━━━ Dataset extract ━━━

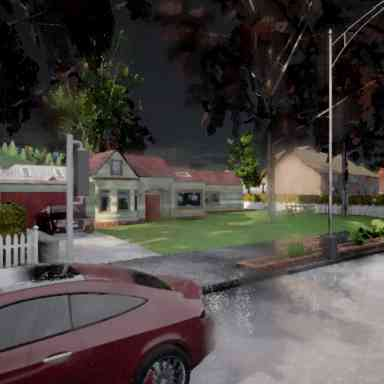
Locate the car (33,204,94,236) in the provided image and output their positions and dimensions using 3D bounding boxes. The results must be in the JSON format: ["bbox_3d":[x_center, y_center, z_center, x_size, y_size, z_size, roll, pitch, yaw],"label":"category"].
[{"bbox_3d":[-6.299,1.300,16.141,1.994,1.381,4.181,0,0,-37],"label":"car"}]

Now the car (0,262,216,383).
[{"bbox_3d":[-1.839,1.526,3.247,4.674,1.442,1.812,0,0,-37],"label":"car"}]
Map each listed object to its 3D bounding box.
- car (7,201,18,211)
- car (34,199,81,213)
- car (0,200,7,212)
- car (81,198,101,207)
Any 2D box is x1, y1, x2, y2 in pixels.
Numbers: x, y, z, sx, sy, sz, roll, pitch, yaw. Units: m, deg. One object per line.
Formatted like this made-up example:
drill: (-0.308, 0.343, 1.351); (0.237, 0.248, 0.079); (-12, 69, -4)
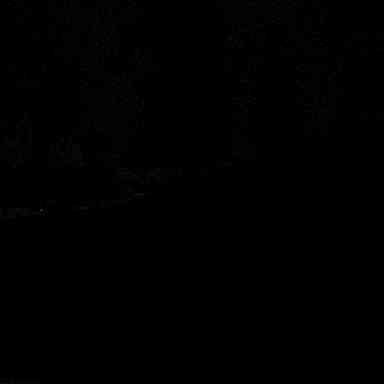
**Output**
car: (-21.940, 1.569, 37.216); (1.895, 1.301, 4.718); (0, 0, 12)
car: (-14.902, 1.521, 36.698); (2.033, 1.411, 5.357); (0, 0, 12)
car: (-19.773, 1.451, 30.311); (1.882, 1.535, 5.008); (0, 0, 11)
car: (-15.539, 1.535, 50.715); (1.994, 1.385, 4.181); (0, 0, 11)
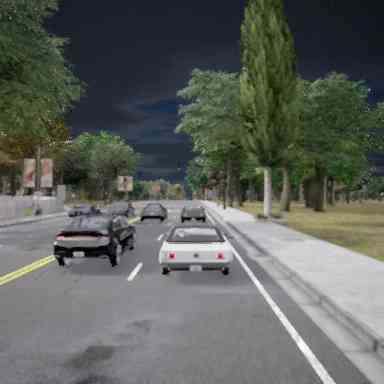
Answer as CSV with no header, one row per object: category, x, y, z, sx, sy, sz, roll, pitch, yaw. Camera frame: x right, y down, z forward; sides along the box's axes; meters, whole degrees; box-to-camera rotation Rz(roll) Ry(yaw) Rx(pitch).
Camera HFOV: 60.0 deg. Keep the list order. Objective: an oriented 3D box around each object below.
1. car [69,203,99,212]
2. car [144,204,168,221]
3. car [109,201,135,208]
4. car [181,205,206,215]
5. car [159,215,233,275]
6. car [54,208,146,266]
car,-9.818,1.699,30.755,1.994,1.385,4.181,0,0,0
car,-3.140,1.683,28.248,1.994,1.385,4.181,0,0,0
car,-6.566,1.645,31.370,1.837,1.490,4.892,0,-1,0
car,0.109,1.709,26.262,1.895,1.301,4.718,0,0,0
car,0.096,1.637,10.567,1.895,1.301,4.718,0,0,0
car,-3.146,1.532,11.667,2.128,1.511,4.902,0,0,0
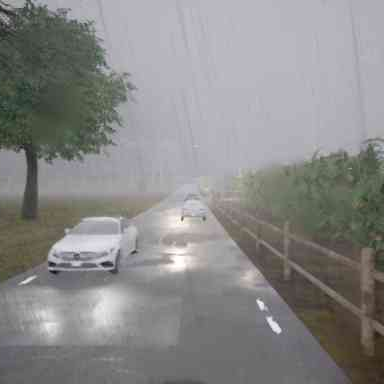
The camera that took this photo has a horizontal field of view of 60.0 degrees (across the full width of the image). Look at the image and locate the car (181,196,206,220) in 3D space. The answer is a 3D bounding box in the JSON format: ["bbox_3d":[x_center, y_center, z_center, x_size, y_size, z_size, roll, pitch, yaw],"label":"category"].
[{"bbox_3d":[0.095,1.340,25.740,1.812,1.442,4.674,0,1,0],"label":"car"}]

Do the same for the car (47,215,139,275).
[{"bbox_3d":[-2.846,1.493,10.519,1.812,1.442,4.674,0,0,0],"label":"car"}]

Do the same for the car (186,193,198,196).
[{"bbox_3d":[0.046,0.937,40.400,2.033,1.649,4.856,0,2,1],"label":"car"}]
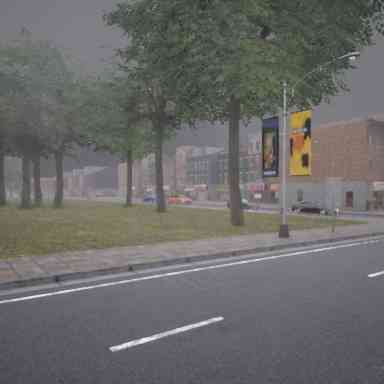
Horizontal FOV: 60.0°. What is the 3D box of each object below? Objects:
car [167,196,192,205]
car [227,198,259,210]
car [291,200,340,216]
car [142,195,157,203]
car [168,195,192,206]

━━━

Problem ▸ Nothing but the lines from the one with "Do the same for the car (47,215,139,275)." through the last line of the records should appear in your answer, each exactly as written and without pictures.

Output ▸
Do the same for the car (47,215,139,275).
[{"bbox_3d":[-2.846,1.493,10.519,1.812,1.442,4.674,0,0,0],"label":"car"}]

Do the same for the car (186,193,198,196).
[{"bbox_3d":[0.046,0.937,40.400,2.033,1.649,4.856,0,2,1],"label":"car"}]
Horizontal FOV: 60.0°. What is the 3D box of each object below? Objects:
car [167,196,192,205]
car [227,198,259,210]
car [291,200,340,216]
car [142,195,157,203]
car [168,195,192,206]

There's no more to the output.